Europa haut den Schüssel in die Pfanne

Stundenlang blockierte Österreichs Kanzler Schüssel beim EU-Gipfel eine Einigung bei der Steuerharmonisierung. Dann musste er doch nachgeben. Ohne eine Aufhebung der Sanktionen

BRÜSSEL taz ■ Stundenlang rangen die 14 Staatschefs der EU mit den Vertretern Österreichs, schließlich musste sogar das Gipfeltreffen im portugiesischen Feira verlängert werden, doch dann war es geschafft. Bundeskanzler Wolfgang Schüssel lenkte beim Streit um die Zinsbesteuerung ein. Der Kompromissvorschlag einer Meldepflicht für Zinsen ausländischer Anleger, dem am Montag bereits Luxemburg und Großbritannien zugestimmt hatten, war gerettet.

Mit dem Hinweis auf das Bankgeheimnis des Landes hatte zuvor Österreichs Finanzminister Karl-Heinz Grasser die Einigung blockiert. Daraufhin hatte der deutsche Finanzminister Hans Eichel Österreich vorgeworfen, „nicht gemeinschaftsfähig“ zu sein. Beobachter vermuteten, Österreich wolle seine Zustimmung zu dem Steuerkompromiss gegen eine Garantie eintauschen, dass die Sanktionen gegen das Land noch vor Ablauf der portugiesischen Präsidentschaft Ende des Monats gelockert würden. Die 14 anderen Staats- und Regierungschefs hatten Österreich Anfang des Jahres wegen der Regierungsbeteiligung der rechtspopulistischen FPÖ mit einem Bann belegt.

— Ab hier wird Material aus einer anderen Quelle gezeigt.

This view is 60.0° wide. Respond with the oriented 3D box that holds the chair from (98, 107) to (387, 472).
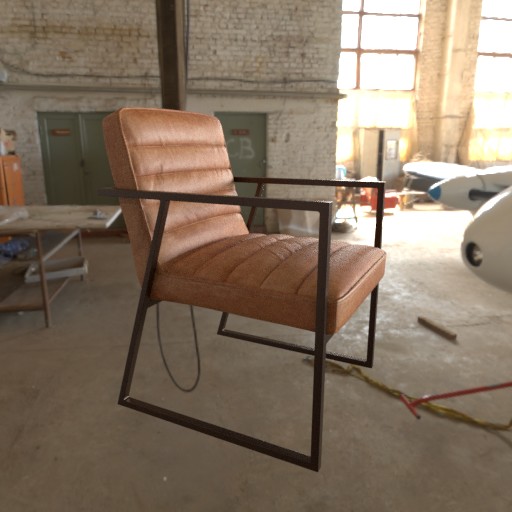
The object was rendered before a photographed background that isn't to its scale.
[{"bbox_3d":[0.000,0.000,1.299,0.677,0.832,0.571,7,16,26],"label":"chair"}]
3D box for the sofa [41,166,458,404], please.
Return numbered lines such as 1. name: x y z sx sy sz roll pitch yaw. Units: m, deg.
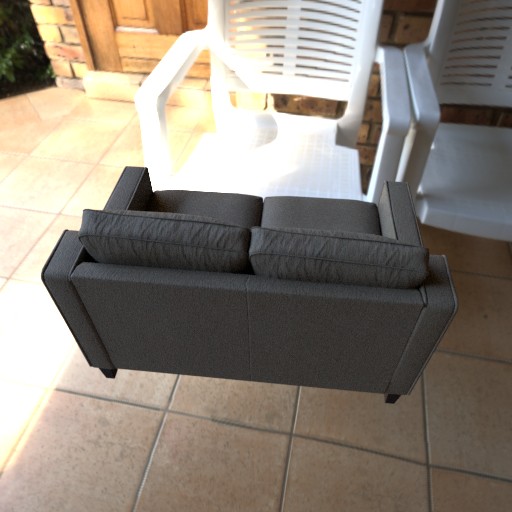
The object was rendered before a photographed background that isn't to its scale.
1. sofa: 0.000 0.000 2.145 1.503 0.981 0.985 4 47 4
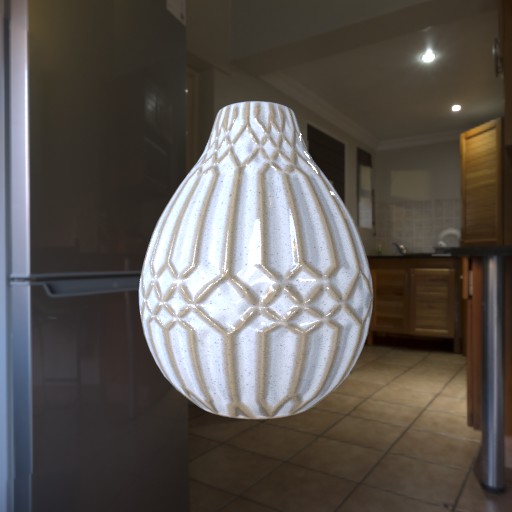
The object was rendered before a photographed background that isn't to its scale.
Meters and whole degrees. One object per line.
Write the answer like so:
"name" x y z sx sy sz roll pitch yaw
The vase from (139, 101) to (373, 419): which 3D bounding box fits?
"vase" 0.000 0.000 0.312 0.159 0.200 0.159 0 1 0
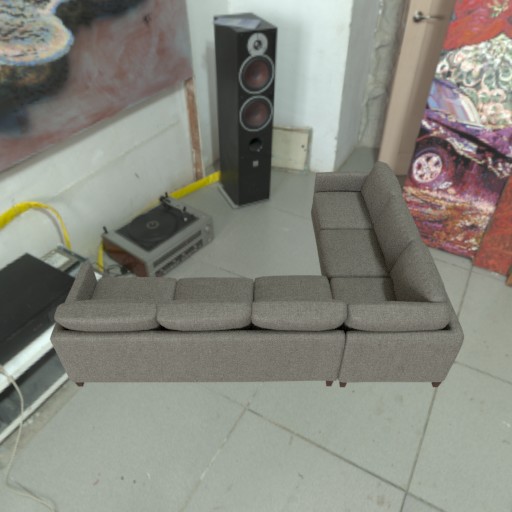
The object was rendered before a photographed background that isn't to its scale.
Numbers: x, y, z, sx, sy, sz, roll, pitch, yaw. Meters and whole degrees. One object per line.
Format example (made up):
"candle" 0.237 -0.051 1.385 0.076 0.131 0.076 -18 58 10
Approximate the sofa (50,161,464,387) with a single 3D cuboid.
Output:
"sofa" 0.000 0.000 4.567 3.302 0.947 2.593 0 41 0
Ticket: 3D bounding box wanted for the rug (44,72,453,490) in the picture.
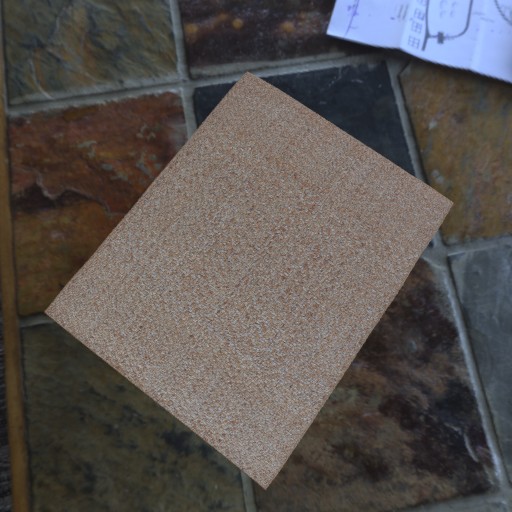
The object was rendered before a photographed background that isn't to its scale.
[{"bbox_3d":[0.000,0.000,4.029,2.439,0.013,3.048,35,79,8],"label":"rug"}]

Auf die Frage, ob ein Zusammenhang zwischen Österreichs Zustimmung zum Steuerkompromiss und einer neuen Haltung zu den Sanktionen bestehe, sagte der portugiesische Ratspräsident Guterres: „Absolut nicht. Solche Tauschgeschäfte gibt es in Europa nicht. Österreich sind bei den Sanktionen keine Zugeständnisse gemacht worden.“ Er werde aber noch vor Ende seiner Präsidentschaft versuchen, im Einvernehmen mit den 13 anderen Regierungschefs einen Weg aus der Sackgasse zu finden. Auch Bundeskanzler Gerhard Schröder wies Vermutungen zurück, es habe Zugeständnisse an Österreich über ein Ende der Sanktionen gegeben. „Es hat keine parallelen Diskussionen gegeben, es wurden nur Sachdiskussionen geführt.“

Die Einigung bei der Zinsbesteuerung ist das einzige konkrete Ergebnis der Ratspräsidentschaft Portugals. Zu allen anderen Themen konnte sie nur Vorarbeit leisten. So einigte man sich darauf, die Tagesordnung für die Regierungskonferenz um den Punkt „verstärkte Zusammenarbeit“ zu erweitern. Ein weiterer Beschluss betraf die Erweiterung der Krisenreaktionskräfte. Ab 2003 will die EU in der Lage sein, innerhalb eines Monats 5.000 Polizisten zu entsenden. Nach dem Tod von 58 Flüchtlingen in Dover kündigte Frankreich eine gemeinsame Initiative zum Kampf gegen Schleuserbanden an.